Prove: f is surjective iff f has a right inverse.

f is surjective if for all b in B there is some a in A such that f(a) = b.
f has a right inverse if there is a function h: B ---> A such that f(h(b)) = b for every b in B.

i. Suppose f has a right inverse h: B --> A such that f(h(b)) = b for every b in B. Then for each b in B, let a in A such that f(a) = b. Let h(b) = a, then f(h(b)) = f(a) = b. Thus f is surjective.

ii. Suppose f is surjective. That is, for every b in B, there is some a in A such that f(a) = b. How to show that f has a right inverse? Please help. Thank you.

2. Let $\displaystyle f: S \to T$ be a surjection.

then $\displaystyle \forall y \in T: f^{-1} \{y\} \ne \varnothing$

Let $\displaystyle f^{-1} \{y\} = X_y = \{x_{y_1}, x_{y_2}, ...\}$

Using the Axiom of Choice, for each $\displaystyle y \in T$ we can choose any of the elements $\displaystyle x_{y_1}, x_{y_2}, \ldots$ to be identified as $\displaystyle x_y$, and thereby define:

$\displaystyle g: T \to S: g (y) = x_y$

Then we see that $\displaystyle f \circ g (y) = f (x_y) = y$

and thus $\displaystyle f \circ g = I_T$.

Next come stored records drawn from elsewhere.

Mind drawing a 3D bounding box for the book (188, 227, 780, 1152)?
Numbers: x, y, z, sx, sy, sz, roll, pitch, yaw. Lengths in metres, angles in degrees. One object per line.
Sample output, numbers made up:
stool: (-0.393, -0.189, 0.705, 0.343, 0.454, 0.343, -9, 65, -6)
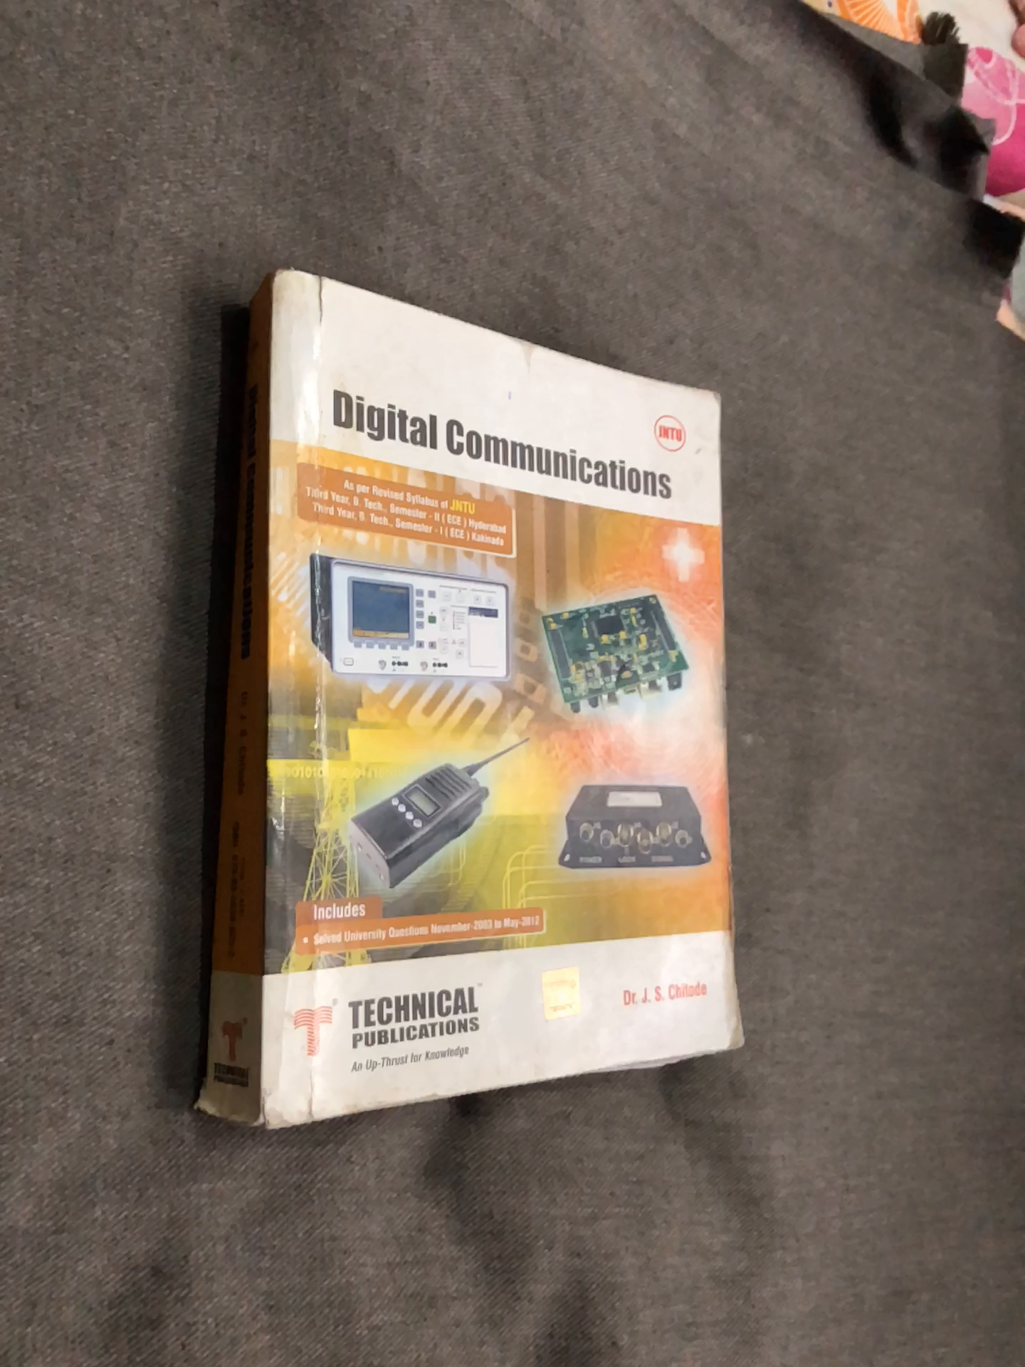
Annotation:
book: (-0.001, 0.005, 0.365, 0.182, 0.050, 0.241, 6, 80, -33)

3. Is $\displaystyle f^{-1} \{y\}$ the same as $\displaystyle f^{-1}(y)$?

4. Excellent question.

We know that f is a surjection, but f is not necessarily bijective, thus there could be more than one element of S mapped to one element of T. Thus the inverse of f is not necessarily a mapping, as an element of T does not necessarily map to a single element of S.

So technically speaking you can not talk about the inverse element of y, but you can talk about the set of elements of S that the inverse of f relates to.

What I mean by $\displaystyle f^{-1}\{y\}$ is actually the preimage of $\displaystyle f$, and in this context I find that considering y as a set (admittedly a singleton one) rather than an element enhances the understanding of what's going on.